■ Activity: From the entries that follow, reproduce exactly and only the lines from the line with "2) car (183, 198, 211, 207)" to the line with "- **name**: center", endpoints included.

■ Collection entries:
★ ★ ★ ★ ★ ★ ★
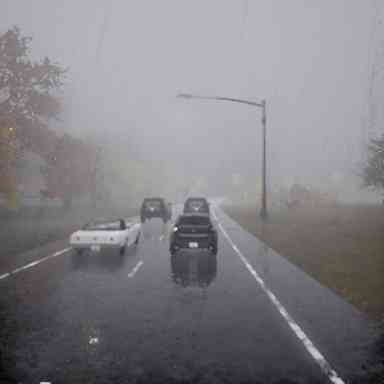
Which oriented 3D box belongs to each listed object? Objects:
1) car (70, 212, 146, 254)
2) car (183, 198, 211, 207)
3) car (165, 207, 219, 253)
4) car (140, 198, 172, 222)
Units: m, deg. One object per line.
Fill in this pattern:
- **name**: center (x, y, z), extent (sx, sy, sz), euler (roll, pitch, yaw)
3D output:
- **car**: center (-3.409, 1.736, 14.132), extent (1.895, 1.301, 4.718), euler (0, -1, 1)
- **car**: center (0.423, 1.491, 28.945), extent (2.150, 2.045, 5.566), euler (0, 0, 2)
- **car**: center (0.096, 1.644, 14.268), extent (1.837, 1.490, 4.892), euler (0, 0, 1)
- **car**: center (-3.075, 1.493, 29.053), extent (2.150, 2.045, 5.566), euler (0, 0, 2)
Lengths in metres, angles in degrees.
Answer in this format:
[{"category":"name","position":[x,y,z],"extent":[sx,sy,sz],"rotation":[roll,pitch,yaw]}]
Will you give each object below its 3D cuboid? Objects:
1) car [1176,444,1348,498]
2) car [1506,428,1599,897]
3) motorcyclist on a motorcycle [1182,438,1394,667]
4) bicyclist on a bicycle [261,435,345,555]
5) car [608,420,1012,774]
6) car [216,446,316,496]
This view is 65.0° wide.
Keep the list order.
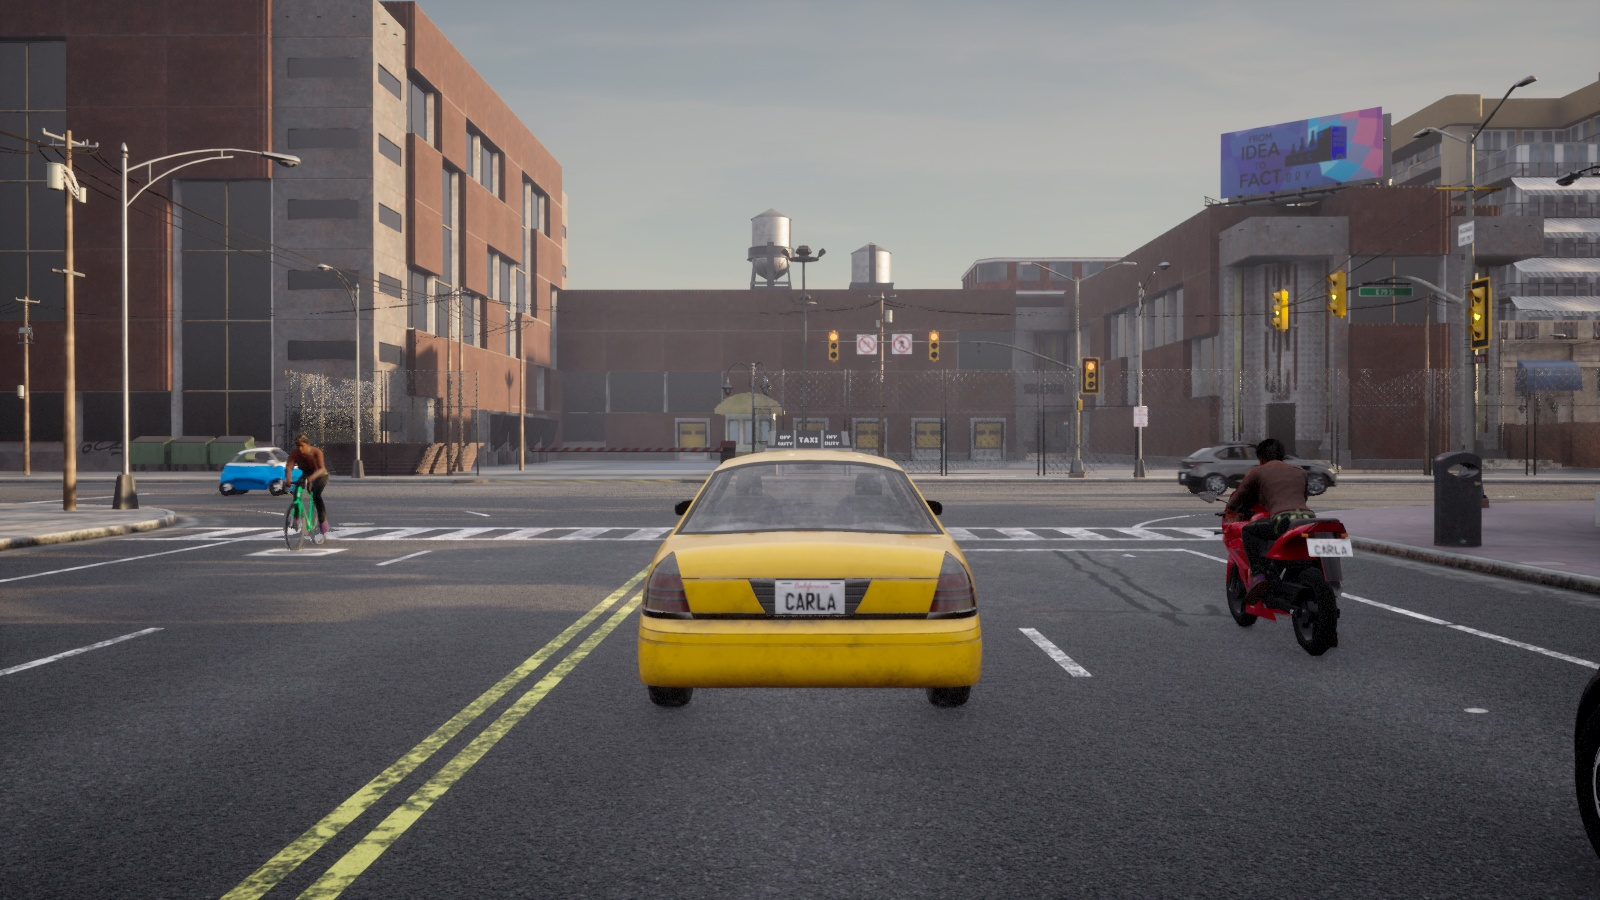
★ ★ ★ ★ ★ ★ ★
■ Exercise output:
2) car (183, 198, 211, 207)
3) car (165, 207, 219, 253)
4) car (140, 198, 172, 222)
Units: m, deg. One object per line.
Fill in this pattern:
- **name**: center (x, y, z), extent (sx, sy, sz), euler (roll, pitch, yaw)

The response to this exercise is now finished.